All participants went through magnetic resonance imaging (MRI), a technique used to scan the brains, twice during the course of the study.
Development continuing into adulthood observed
Comparisons of brain scans revealed that parts of the brain continued to develop well past adolescence, researchers revealed.
The wiring the frontal lobe, area of the brain responsible for complex cognitive tasks, continued well into 20s, researchers found.
Though the exact reasons behind ongoing brain development well into young adulthood are not known, researchers believe that the plethora of life experiences like education, independence, establishing a new career, social or family life may be affecting the brain’s hard-core functioning.
Another key observation that emerged in a smaller sample base comprising of relatively young subjects was the wearing-off of the white matter integrity over time – a characteristic of brain degradation, researchers averred.

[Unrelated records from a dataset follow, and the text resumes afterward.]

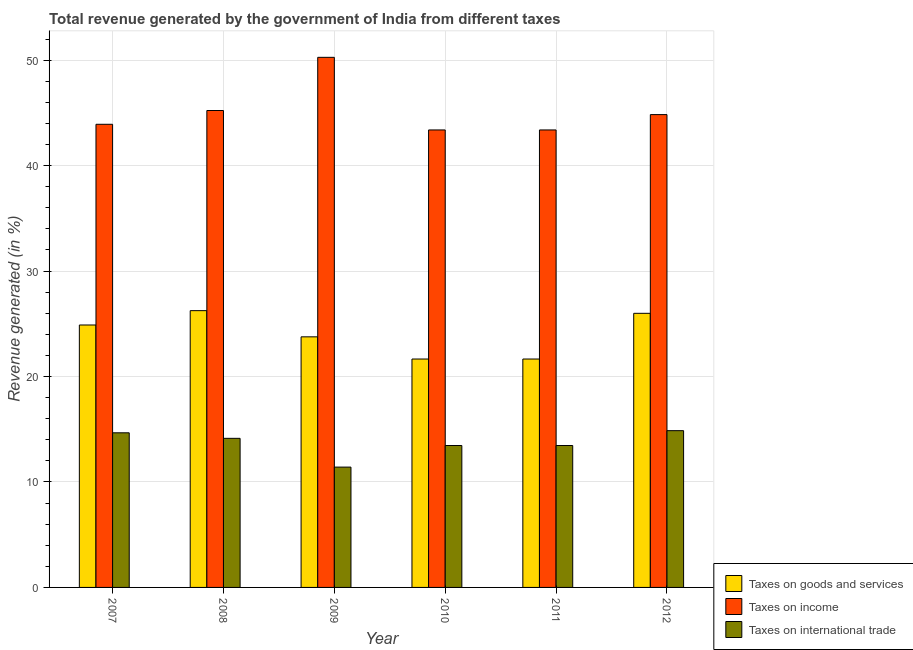How many groups of bars are there?
Keep it short and to the point. 6. Are the number of bars per tick equal to the number of legend labels?
Make the answer very short. Yes. Are the number of bars on each tick of the X-axis equal?
Provide a short and direct response. Yes. How many bars are there on the 2nd tick from the left?
Your response must be concise. 3. How many bars are there on the 6th tick from the right?
Make the answer very short. 3. What is the label of the 2nd group of bars from the left?
Keep it short and to the point. 2008. What is the percentage of revenue generated by taxes on goods and services in 2008?
Give a very brief answer. 26.25. Across all years, what is the maximum percentage of revenue generated by taxes on income?
Give a very brief answer. 50.27. Across all years, what is the minimum percentage of revenue generated by taxes on goods and services?
Keep it short and to the point. 21.66. In which year was the percentage of revenue generated by taxes on income minimum?
Your response must be concise. 2010. What is the total percentage of revenue generated by taxes on goods and services in the graph?
Your response must be concise. 144.22. What is the difference between the percentage of revenue generated by tax on international trade in 2007 and that in 2009?
Provide a succinct answer. 3.25. What is the difference between the percentage of revenue generated by taxes on income in 2007 and the percentage of revenue generated by tax on international trade in 2012?
Your answer should be compact. -0.92. What is the average percentage of revenue generated by taxes on income per year?
Ensure brevity in your answer.  45.17. In how many years, is the percentage of revenue generated by taxes on goods and services greater than 22 %?
Ensure brevity in your answer.  4. What is the ratio of the percentage of revenue generated by tax on international trade in 2010 to that in 2012?
Keep it short and to the point. 0.91. Is the percentage of revenue generated by taxes on income in 2008 less than that in 2012?
Keep it short and to the point. No. What is the difference between the highest and the second highest percentage of revenue generated by taxes on income?
Give a very brief answer. 5.04. What is the difference between the highest and the lowest percentage of revenue generated by tax on international trade?
Give a very brief answer. 3.46. Is the sum of the percentage of revenue generated by taxes on goods and services in 2010 and 2011 greater than the maximum percentage of revenue generated by tax on international trade across all years?
Keep it short and to the point. Yes. What does the 3rd bar from the left in 2008 represents?
Provide a short and direct response. Taxes on international trade. What does the 1st bar from the right in 2007 represents?
Provide a short and direct response. Taxes on international trade. How many years are there in the graph?
Your response must be concise. 6. Does the graph contain any zero values?
Offer a very short reply. No. Does the graph contain grids?
Offer a terse response. Yes. How are the legend labels stacked?
Make the answer very short. Vertical. What is the title of the graph?
Make the answer very short. Total revenue generated by the government of India from different taxes. Does "Secondary education" appear as one of the legend labels in the graph?
Keep it short and to the point. No. What is the label or title of the X-axis?
Make the answer very short. Year. What is the label or title of the Y-axis?
Provide a short and direct response. Revenue generated (in %). What is the Revenue generated (in %) of Taxes on goods and services in 2007?
Offer a very short reply. 24.89. What is the Revenue generated (in %) in Taxes on income in 2007?
Give a very brief answer. 43.92. What is the Revenue generated (in %) of Taxes on international trade in 2007?
Offer a very short reply. 14.66. What is the Revenue generated (in %) of Taxes on goods and services in 2008?
Make the answer very short. 26.25. What is the Revenue generated (in %) in Taxes on income in 2008?
Your answer should be compact. 45.23. What is the Revenue generated (in %) of Taxes on international trade in 2008?
Offer a very short reply. 14.14. What is the Revenue generated (in %) in Taxes on goods and services in 2009?
Provide a succinct answer. 23.76. What is the Revenue generated (in %) of Taxes on income in 2009?
Your answer should be compact. 50.27. What is the Revenue generated (in %) of Taxes on international trade in 2009?
Ensure brevity in your answer.  11.41. What is the Revenue generated (in %) of Taxes on goods and services in 2010?
Make the answer very short. 21.66. What is the Revenue generated (in %) in Taxes on income in 2010?
Provide a succinct answer. 43.38. What is the Revenue generated (in %) in Taxes on international trade in 2010?
Offer a very short reply. 13.46. What is the Revenue generated (in %) of Taxes on goods and services in 2011?
Offer a terse response. 21.66. What is the Revenue generated (in %) of Taxes on income in 2011?
Provide a succinct answer. 43.38. What is the Revenue generated (in %) in Taxes on international trade in 2011?
Provide a succinct answer. 13.46. What is the Revenue generated (in %) of Taxes on goods and services in 2012?
Your answer should be very brief. 25.99. What is the Revenue generated (in %) in Taxes on income in 2012?
Make the answer very short. 44.84. What is the Revenue generated (in %) in Taxes on international trade in 2012?
Offer a terse response. 14.87. Across all years, what is the maximum Revenue generated (in %) of Taxes on goods and services?
Your response must be concise. 26.25. Across all years, what is the maximum Revenue generated (in %) of Taxes on income?
Offer a terse response. 50.27. Across all years, what is the maximum Revenue generated (in %) of Taxes on international trade?
Provide a short and direct response. 14.87. Across all years, what is the minimum Revenue generated (in %) in Taxes on goods and services?
Give a very brief answer. 21.66. Across all years, what is the minimum Revenue generated (in %) in Taxes on income?
Your answer should be compact. 43.38. Across all years, what is the minimum Revenue generated (in %) of Taxes on international trade?
Keep it short and to the point. 11.41. What is the total Revenue generated (in %) in Taxes on goods and services in the graph?
Offer a terse response. 144.22. What is the total Revenue generated (in %) in Taxes on income in the graph?
Your response must be concise. 271.03. What is the total Revenue generated (in %) in Taxes on international trade in the graph?
Ensure brevity in your answer.  82. What is the difference between the Revenue generated (in %) of Taxes on goods and services in 2007 and that in 2008?
Give a very brief answer. -1.36. What is the difference between the Revenue generated (in %) of Taxes on income in 2007 and that in 2008?
Your response must be concise. -1.31. What is the difference between the Revenue generated (in %) of Taxes on international trade in 2007 and that in 2008?
Provide a succinct answer. 0.52. What is the difference between the Revenue generated (in %) of Taxes on goods and services in 2007 and that in 2009?
Provide a short and direct response. 1.12. What is the difference between the Revenue generated (in %) of Taxes on income in 2007 and that in 2009?
Your answer should be very brief. -6.35. What is the difference between the Revenue generated (in %) of Taxes on international trade in 2007 and that in 2009?
Provide a short and direct response. 3.25. What is the difference between the Revenue generated (in %) of Taxes on goods and services in 2007 and that in 2010?
Ensure brevity in your answer.  3.23. What is the difference between the Revenue generated (in %) in Taxes on income in 2007 and that in 2010?
Your answer should be compact. 0.54. What is the difference between the Revenue generated (in %) in Taxes on international trade in 2007 and that in 2010?
Give a very brief answer. 1.21. What is the difference between the Revenue generated (in %) of Taxes on goods and services in 2007 and that in 2011?
Your answer should be very brief. 3.23. What is the difference between the Revenue generated (in %) in Taxes on income in 2007 and that in 2011?
Make the answer very short. 0.54. What is the difference between the Revenue generated (in %) in Taxes on international trade in 2007 and that in 2011?
Offer a terse response. 1.21. What is the difference between the Revenue generated (in %) in Taxes on goods and services in 2007 and that in 2012?
Give a very brief answer. -1.11. What is the difference between the Revenue generated (in %) of Taxes on income in 2007 and that in 2012?
Ensure brevity in your answer.  -0.92. What is the difference between the Revenue generated (in %) in Taxes on international trade in 2007 and that in 2012?
Provide a succinct answer. -0.2. What is the difference between the Revenue generated (in %) of Taxes on goods and services in 2008 and that in 2009?
Offer a terse response. 2.48. What is the difference between the Revenue generated (in %) of Taxes on income in 2008 and that in 2009?
Provide a succinct answer. -5.04. What is the difference between the Revenue generated (in %) in Taxes on international trade in 2008 and that in 2009?
Provide a succinct answer. 2.73. What is the difference between the Revenue generated (in %) of Taxes on goods and services in 2008 and that in 2010?
Give a very brief answer. 4.59. What is the difference between the Revenue generated (in %) of Taxes on income in 2008 and that in 2010?
Your answer should be compact. 1.84. What is the difference between the Revenue generated (in %) in Taxes on international trade in 2008 and that in 2010?
Keep it short and to the point. 0.68. What is the difference between the Revenue generated (in %) of Taxes on goods and services in 2008 and that in 2011?
Make the answer very short. 4.59. What is the difference between the Revenue generated (in %) of Taxes on income in 2008 and that in 2011?
Make the answer very short. 1.84. What is the difference between the Revenue generated (in %) of Taxes on international trade in 2008 and that in 2011?
Make the answer very short. 0.68. What is the difference between the Revenue generated (in %) in Taxes on goods and services in 2008 and that in 2012?
Provide a succinct answer. 0.25. What is the difference between the Revenue generated (in %) of Taxes on income in 2008 and that in 2012?
Provide a short and direct response. 0.39. What is the difference between the Revenue generated (in %) of Taxes on international trade in 2008 and that in 2012?
Offer a very short reply. -0.73. What is the difference between the Revenue generated (in %) of Taxes on goods and services in 2009 and that in 2010?
Offer a terse response. 2.1. What is the difference between the Revenue generated (in %) of Taxes on income in 2009 and that in 2010?
Offer a very short reply. 6.89. What is the difference between the Revenue generated (in %) in Taxes on international trade in 2009 and that in 2010?
Your response must be concise. -2.05. What is the difference between the Revenue generated (in %) of Taxes on goods and services in 2009 and that in 2011?
Keep it short and to the point. 2.1. What is the difference between the Revenue generated (in %) of Taxes on income in 2009 and that in 2011?
Offer a very short reply. 6.89. What is the difference between the Revenue generated (in %) in Taxes on international trade in 2009 and that in 2011?
Offer a terse response. -2.05. What is the difference between the Revenue generated (in %) in Taxes on goods and services in 2009 and that in 2012?
Offer a terse response. -2.23. What is the difference between the Revenue generated (in %) of Taxes on income in 2009 and that in 2012?
Keep it short and to the point. 5.43. What is the difference between the Revenue generated (in %) in Taxes on international trade in 2009 and that in 2012?
Keep it short and to the point. -3.46. What is the difference between the Revenue generated (in %) in Taxes on goods and services in 2010 and that in 2011?
Provide a short and direct response. 0. What is the difference between the Revenue generated (in %) of Taxes on goods and services in 2010 and that in 2012?
Provide a succinct answer. -4.33. What is the difference between the Revenue generated (in %) in Taxes on income in 2010 and that in 2012?
Offer a very short reply. -1.45. What is the difference between the Revenue generated (in %) in Taxes on international trade in 2010 and that in 2012?
Keep it short and to the point. -1.41. What is the difference between the Revenue generated (in %) in Taxes on goods and services in 2011 and that in 2012?
Keep it short and to the point. -4.33. What is the difference between the Revenue generated (in %) of Taxes on income in 2011 and that in 2012?
Ensure brevity in your answer.  -1.45. What is the difference between the Revenue generated (in %) of Taxes on international trade in 2011 and that in 2012?
Ensure brevity in your answer.  -1.41. What is the difference between the Revenue generated (in %) in Taxes on goods and services in 2007 and the Revenue generated (in %) in Taxes on income in 2008?
Your answer should be compact. -20.34. What is the difference between the Revenue generated (in %) in Taxes on goods and services in 2007 and the Revenue generated (in %) in Taxes on international trade in 2008?
Give a very brief answer. 10.75. What is the difference between the Revenue generated (in %) in Taxes on income in 2007 and the Revenue generated (in %) in Taxes on international trade in 2008?
Your answer should be very brief. 29.78. What is the difference between the Revenue generated (in %) of Taxes on goods and services in 2007 and the Revenue generated (in %) of Taxes on income in 2009?
Offer a terse response. -25.38. What is the difference between the Revenue generated (in %) in Taxes on goods and services in 2007 and the Revenue generated (in %) in Taxes on international trade in 2009?
Your answer should be very brief. 13.48. What is the difference between the Revenue generated (in %) of Taxes on income in 2007 and the Revenue generated (in %) of Taxes on international trade in 2009?
Offer a terse response. 32.51. What is the difference between the Revenue generated (in %) of Taxes on goods and services in 2007 and the Revenue generated (in %) of Taxes on income in 2010?
Provide a succinct answer. -18.5. What is the difference between the Revenue generated (in %) in Taxes on goods and services in 2007 and the Revenue generated (in %) in Taxes on international trade in 2010?
Offer a very short reply. 11.43. What is the difference between the Revenue generated (in %) of Taxes on income in 2007 and the Revenue generated (in %) of Taxes on international trade in 2010?
Your answer should be very brief. 30.46. What is the difference between the Revenue generated (in %) in Taxes on goods and services in 2007 and the Revenue generated (in %) in Taxes on income in 2011?
Your answer should be compact. -18.5. What is the difference between the Revenue generated (in %) in Taxes on goods and services in 2007 and the Revenue generated (in %) in Taxes on international trade in 2011?
Provide a succinct answer. 11.43. What is the difference between the Revenue generated (in %) in Taxes on income in 2007 and the Revenue generated (in %) in Taxes on international trade in 2011?
Keep it short and to the point. 30.46. What is the difference between the Revenue generated (in %) of Taxes on goods and services in 2007 and the Revenue generated (in %) of Taxes on income in 2012?
Keep it short and to the point. -19.95. What is the difference between the Revenue generated (in %) of Taxes on goods and services in 2007 and the Revenue generated (in %) of Taxes on international trade in 2012?
Offer a terse response. 10.02. What is the difference between the Revenue generated (in %) of Taxes on income in 2007 and the Revenue generated (in %) of Taxes on international trade in 2012?
Offer a terse response. 29.05. What is the difference between the Revenue generated (in %) in Taxes on goods and services in 2008 and the Revenue generated (in %) in Taxes on income in 2009?
Offer a very short reply. -24.02. What is the difference between the Revenue generated (in %) in Taxes on goods and services in 2008 and the Revenue generated (in %) in Taxes on international trade in 2009?
Provide a short and direct response. 14.84. What is the difference between the Revenue generated (in %) in Taxes on income in 2008 and the Revenue generated (in %) in Taxes on international trade in 2009?
Keep it short and to the point. 33.82. What is the difference between the Revenue generated (in %) of Taxes on goods and services in 2008 and the Revenue generated (in %) of Taxes on income in 2010?
Keep it short and to the point. -17.14. What is the difference between the Revenue generated (in %) of Taxes on goods and services in 2008 and the Revenue generated (in %) of Taxes on international trade in 2010?
Make the answer very short. 12.79. What is the difference between the Revenue generated (in %) in Taxes on income in 2008 and the Revenue generated (in %) in Taxes on international trade in 2010?
Your response must be concise. 31.77. What is the difference between the Revenue generated (in %) of Taxes on goods and services in 2008 and the Revenue generated (in %) of Taxes on income in 2011?
Keep it short and to the point. -17.14. What is the difference between the Revenue generated (in %) of Taxes on goods and services in 2008 and the Revenue generated (in %) of Taxes on international trade in 2011?
Your answer should be compact. 12.79. What is the difference between the Revenue generated (in %) of Taxes on income in 2008 and the Revenue generated (in %) of Taxes on international trade in 2011?
Your answer should be compact. 31.77. What is the difference between the Revenue generated (in %) of Taxes on goods and services in 2008 and the Revenue generated (in %) of Taxes on income in 2012?
Make the answer very short. -18.59. What is the difference between the Revenue generated (in %) of Taxes on goods and services in 2008 and the Revenue generated (in %) of Taxes on international trade in 2012?
Offer a very short reply. 11.38. What is the difference between the Revenue generated (in %) in Taxes on income in 2008 and the Revenue generated (in %) in Taxes on international trade in 2012?
Give a very brief answer. 30.36. What is the difference between the Revenue generated (in %) in Taxes on goods and services in 2009 and the Revenue generated (in %) in Taxes on income in 2010?
Offer a very short reply. -19.62. What is the difference between the Revenue generated (in %) of Taxes on goods and services in 2009 and the Revenue generated (in %) of Taxes on international trade in 2010?
Offer a very short reply. 10.31. What is the difference between the Revenue generated (in %) of Taxes on income in 2009 and the Revenue generated (in %) of Taxes on international trade in 2010?
Your answer should be very brief. 36.81. What is the difference between the Revenue generated (in %) of Taxes on goods and services in 2009 and the Revenue generated (in %) of Taxes on income in 2011?
Offer a very short reply. -19.62. What is the difference between the Revenue generated (in %) in Taxes on goods and services in 2009 and the Revenue generated (in %) in Taxes on international trade in 2011?
Offer a very short reply. 10.31. What is the difference between the Revenue generated (in %) in Taxes on income in 2009 and the Revenue generated (in %) in Taxes on international trade in 2011?
Give a very brief answer. 36.81. What is the difference between the Revenue generated (in %) of Taxes on goods and services in 2009 and the Revenue generated (in %) of Taxes on income in 2012?
Offer a very short reply. -21.07. What is the difference between the Revenue generated (in %) in Taxes on goods and services in 2009 and the Revenue generated (in %) in Taxes on international trade in 2012?
Ensure brevity in your answer.  8.9. What is the difference between the Revenue generated (in %) in Taxes on income in 2009 and the Revenue generated (in %) in Taxes on international trade in 2012?
Ensure brevity in your answer.  35.4. What is the difference between the Revenue generated (in %) of Taxes on goods and services in 2010 and the Revenue generated (in %) of Taxes on income in 2011?
Keep it short and to the point. -21.72. What is the difference between the Revenue generated (in %) of Taxes on goods and services in 2010 and the Revenue generated (in %) of Taxes on international trade in 2011?
Offer a very short reply. 8.2. What is the difference between the Revenue generated (in %) of Taxes on income in 2010 and the Revenue generated (in %) of Taxes on international trade in 2011?
Provide a short and direct response. 29.93. What is the difference between the Revenue generated (in %) in Taxes on goods and services in 2010 and the Revenue generated (in %) in Taxes on income in 2012?
Make the answer very short. -23.18. What is the difference between the Revenue generated (in %) in Taxes on goods and services in 2010 and the Revenue generated (in %) in Taxes on international trade in 2012?
Ensure brevity in your answer.  6.79. What is the difference between the Revenue generated (in %) in Taxes on income in 2010 and the Revenue generated (in %) in Taxes on international trade in 2012?
Provide a short and direct response. 28.52. What is the difference between the Revenue generated (in %) of Taxes on goods and services in 2011 and the Revenue generated (in %) of Taxes on income in 2012?
Offer a very short reply. -23.18. What is the difference between the Revenue generated (in %) in Taxes on goods and services in 2011 and the Revenue generated (in %) in Taxes on international trade in 2012?
Provide a short and direct response. 6.79. What is the difference between the Revenue generated (in %) of Taxes on income in 2011 and the Revenue generated (in %) of Taxes on international trade in 2012?
Provide a succinct answer. 28.52. What is the average Revenue generated (in %) in Taxes on goods and services per year?
Ensure brevity in your answer.  24.04. What is the average Revenue generated (in %) in Taxes on income per year?
Provide a succinct answer. 45.17. What is the average Revenue generated (in %) of Taxes on international trade per year?
Keep it short and to the point. 13.67. In the year 2007, what is the difference between the Revenue generated (in %) of Taxes on goods and services and Revenue generated (in %) of Taxes on income?
Ensure brevity in your answer.  -19.03. In the year 2007, what is the difference between the Revenue generated (in %) in Taxes on goods and services and Revenue generated (in %) in Taxes on international trade?
Give a very brief answer. 10.22. In the year 2007, what is the difference between the Revenue generated (in %) of Taxes on income and Revenue generated (in %) of Taxes on international trade?
Offer a very short reply. 29.26. In the year 2008, what is the difference between the Revenue generated (in %) of Taxes on goods and services and Revenue generated (in %) of Taxes on income?
Provide a succinct answer. -18.98. In the year 2008, what is the difference between the Revenue generated (in %) in Taxes on goods and services and Revenue generated (in %) in Taxes on international trade?
Your response must be concise. 12.11. In the year 2008, what is the difference between the Revenue generated (in %) in Taxes on income and Revenue generated (in %) in Taxes on international trade?
Your response must be concise. 31.09. In the year 2009, what is the difference between the Revenue generated (in %) in Taxes on goods and services and Revenue generated (in %) in Taxes on income?
Your answer should be compact. -26.51. In the year 2009, what is the difference between the Revenue generated (in %) in Taxes on goods and services and Revenue generated (in %) in Taxes on international trade?
Give a very brief answer. 12.35. In the year 2009, what is the difference between the Revenue generated (in %) of Taxes on income and Revenue generated (in %) of Taxes on international trade?
Offer a very short reply. 38.86. In the year 2010, what is the difference between the Revenue generated (in %) of Taxes on goods and services and Revenue generated (in %) of Taxes on income?
Your response must be concise. -21.72. In the year 2010, what is the difference between the Revenue generated (in %) in Taxes on goods and services and Revenue generated (in %) in Taxes on international trade?
Offer a very short reply. 8.2. In the year 2010, what is the difference between the Revenue generated (in %) in Taxes on income and Revenue generated (in %) in Taxes on international trade?
Give a very brief answer. 29.93. In the year 2011, what is the difference between the Revenue generated (in %) in Taxes on goods and services and Revenue generated (in %) in Taxes on income?
Give a very brief answer. -21.72. In the year 2011, what is the difference between the Revenue generated (in %) in Taxes on goods and services and Revenue generated (in %) in Taxes on international trade?
Your answer should be very brief. 8.2. In the year 2011, what is the difference between the Revenue generated (in %) in Taxes on income and Revenue generated (in %) in Taxes on international trade?
Provide a short and direct response. 29.93. In the year 2012, what is the difference between the Revenue generated (in %) of Taxes on goods and services and Revenue generated (in %) of Taxes on income?
Your answer should be very brief. -18.84. In the year 2012, what is the difference between the Revenue generated (in %) in Taxes on goods and services and Revenue generated (in %) in Taxes on international trade?
Your answer should be very brief. 11.13. In the year 2012, what is the difference between the Revenue generated (in %) of Taxes on income and Revenue generated (in %) of Taxes on international trade?
Provide a short and direct response. 29.97. What is the ratio of the Revenue generated (in %) in Taxes on goods and services in 2007 to that in 2008?
Your answer should be very brief. 0.95. What is the ratio of the Revenue generated (in %) of Taxes on income in 2007 to that in 2008?
Your answer should be compact. 0.97. What is the ratio of the Revenue generated (in %) in Taxes on international trade in 2007 to that in 2008?
Offer a terse response. 1.04. What is the ratio of the Revenue generated (in %) in Taxes on goods and services in 2007 to that in 2009?
Keep it short and to the point. 1.05. What is the ratio of the Revenue generated (in %) of Taxes on income in 2007 to that in 2009?
Offer a very short reply. 0.87. What is the ratio of the Revenue generated (in %) of Taxes on international trade in 2007 to that in 2009?
Ensure brevity in your answer.  1.28. What is the ratio of the Revenue generated (in %) of Taxes on goods and services in 2007 to that in 2010?
Provide a short and direct response. 1.15. What is the ratio of the Revenue generated (in %) in Taxes on income in 2007 to that in 2010?
Keep it short and to the point. 1.01. What is the ratio of the Revenue generated (in %) of Taxes on international trade in 2007 to that in 2010?
Keep it short and to the point. 1.09. What is the ratio of the Revenue generated (in %) of Taxes on goods and services in 2007 to that in 2011?
Provide a succinct answer. 1.15. What is the ratio of the Revenue generated (in %) of Taxes on income in 2007 to that in 2011?
Offer a terse response. 1.01. What is the ratio of the Revenue generated (in %) in Taxes on international trade in 2007 to that in 2011?
Your response must be concise. 1.09. What is the ratio of the Revenue generated (in %) in Taxes on goods and services in 2007 to that in 2012?
Make the answer very short. 0.96. What is the ratio of the Revenue generated (in %) in Taxes on income in 2007 to that in 2012?
Make the answer very short. 0.98. What is the ratio of the Revenue generated (in %) in Taxes on international trade in 2007 to that in 2012?
Keep it short and to the point. 0.99. What is the ratio of the Revenue generated (in %) of Taxes on goods and services in 2008 to that in 2009?
Offer a terse response. 1.1. What is the ratio of the Revenue generated (in %) in Taxes on income in 2008 to that in 2009?
Your response must be concise. 0.9. What is the ratio of the Revenue generated (in %) in Taxes on international trade in 2008 to that in 2009?
Keep it short and to the point. 1.24. What is the ratio of the Revenue generated (in %) of Taxes on goods and services in 2008 to that in 2010?
Provide a short and direct response. 1.21. What is the ratio of the Revenue generated (in %) in Taxes on income in 2008 to that in 2010?
Keep it short and to the point. 1.04. What is the ratio of the Revenue generated (in %) of Taxes on international trade in 2008 to that in 2010?
Keep it short and to the point. 1.05. What is the ratio of the Revenue generated (in %) in Taxes on goods and services in 2008 to that in 2011?
Provide a succinct answer. 1.21. What is the ratio of the Revenue generated (in %) of Taxes on income in 2008 to that in 2011?
Ensure brevity in your answer.  1.04. What is the ratio of the Revenue generated (in %) of Taxes on international trade in 2008 to that in 2011?
Your response must be concise. 1.05. What is the ratio of the Revenue generated (in %) in Taxes on goods and services in 2008 to that in 2012?
Give a very brief answer. 1.01. What is the ratio of the Revenue generated (in %) of Taxes on income in 2008 to that in 2012?
Give a very brief answer. 1.01. What is the ratio of the Revenue generated (in %) of Taxes on international trade in 2008 to that in 2012?
Offer a terse response. 0.95. What is the ratio of the Revenue generated (in %) in Taxes on goods and services in 2009 to that in 2010?
Provide a succinct answer. 1.1. What is the ratio of the Revenue generated (in %) in Taxes on income in 2009 to that in 2010?
Your answer should be compact. 1.16. What is the ratio of the Revenue generated (in %) of Taxes on international trade in 2009 to that in 2010?
Give a very brief answer. 0.85. What is the ratio of the Revenue generated (in %) of Taxes on goods and services in 2009 to that in 2011?
Give a very brief answer. 1.1. What is the ratio of the Revenue generated (in %) of Taxes on income in 2009 to that in 2011?
Offer a terse response. 1.16. What is the ratio of the Revenue generated (in %) in Taxes on international trade in 2009 to that in 2011?
Offer a terse response. 0.85. What is the ratio of the Revenue generated (in %) in Taxes on goods and services in 2009 to that in 2012?
Ensure brevity in your answer.  0.91. What is the ratio of the Revenue generated (in %) of Taxes on income in 2009 to that in 2012?
Ensure brevity in your answer.  1.12. What is the ratio of the Revenue generated (in %) of Taxes on international trade in 2009 to that in 2012?
Make the answer very short. 0.77. What is the ratio of the Revenue generated (in %) of Taxes on goods and services in 2010 to that in 2011?
Your response must be concise. 1. What is the ratio of the Revenue generated (in %) in Taxes on income in 2010 to that in 2011?
Your response must be concise. 1. What is the ratio of the Revenue generated (in %) in Taxes on international trade in 2010 to that in 2011?
Keep it short and to the point. 1. What is the ratio of the Revenue generated (in %) in Taxes on goods and services in 2010 to that in 2012?
Your response must be concise. 0.83. What is the ratio of the Revenue generated (in %) in Taxes on income in 2010 to that in 2012?
Offer a very short reply. 0.97. What is the ratio of the Revenue generated (in %) of Taxes on international trade in 2010 to that in 2012?
Provide a short and direct response. 0.91. What is the ratio of the Revenue generated (in %) in Taxes on income in 2011 to that in 2012?
Make the answer very short. 0.97. What is the ratio of the Revenue generated (in %) in Taxes on international trade in 2011 to that in 2012?
Offer a very short reply. 0.91. What is the difference between the highest and the second highest Revenue generated (in %) of Taxes on goods and services?
Your response must be concise. 0.25. What is the difference between the highest and the second highest Revenue generated (in %) in Taxes on income?
Provide a short and direct response. 5.04. What is the difference between the highest and the second highest Revenue generated (in %) in Taxes on international trade?
Your answer should be very brief. 0.2. What is the difference between the highest and the lowest Revenue generated (in %) of Taxes on goods and services?
Your response must be concise. 4.59. What is the difference between the highest and the lowest Revenue generated (in %) of Taxes on income?
Your answer should be very brief. 6.89. What is the difference between the highest and the lowest Revenue generated (in %) of Taxes on international trade?
Your answer should be very brief. 3.46.

The researchers speculate that the signs of brain degradation in brain scans may signify early stages of psychiatric disorders.
“What’s interesting is a lot of psychiatric illness and other disorders emerge during adolescence, so some of the thought might be if certain tracts start to degenerate too soon, it may not be responsible for these disorders, but it may be one of the factors that makes someone more susceptible to developing these disorders,” said Beaulieu.
The findings of the study feature in the Journal of Neuroscience.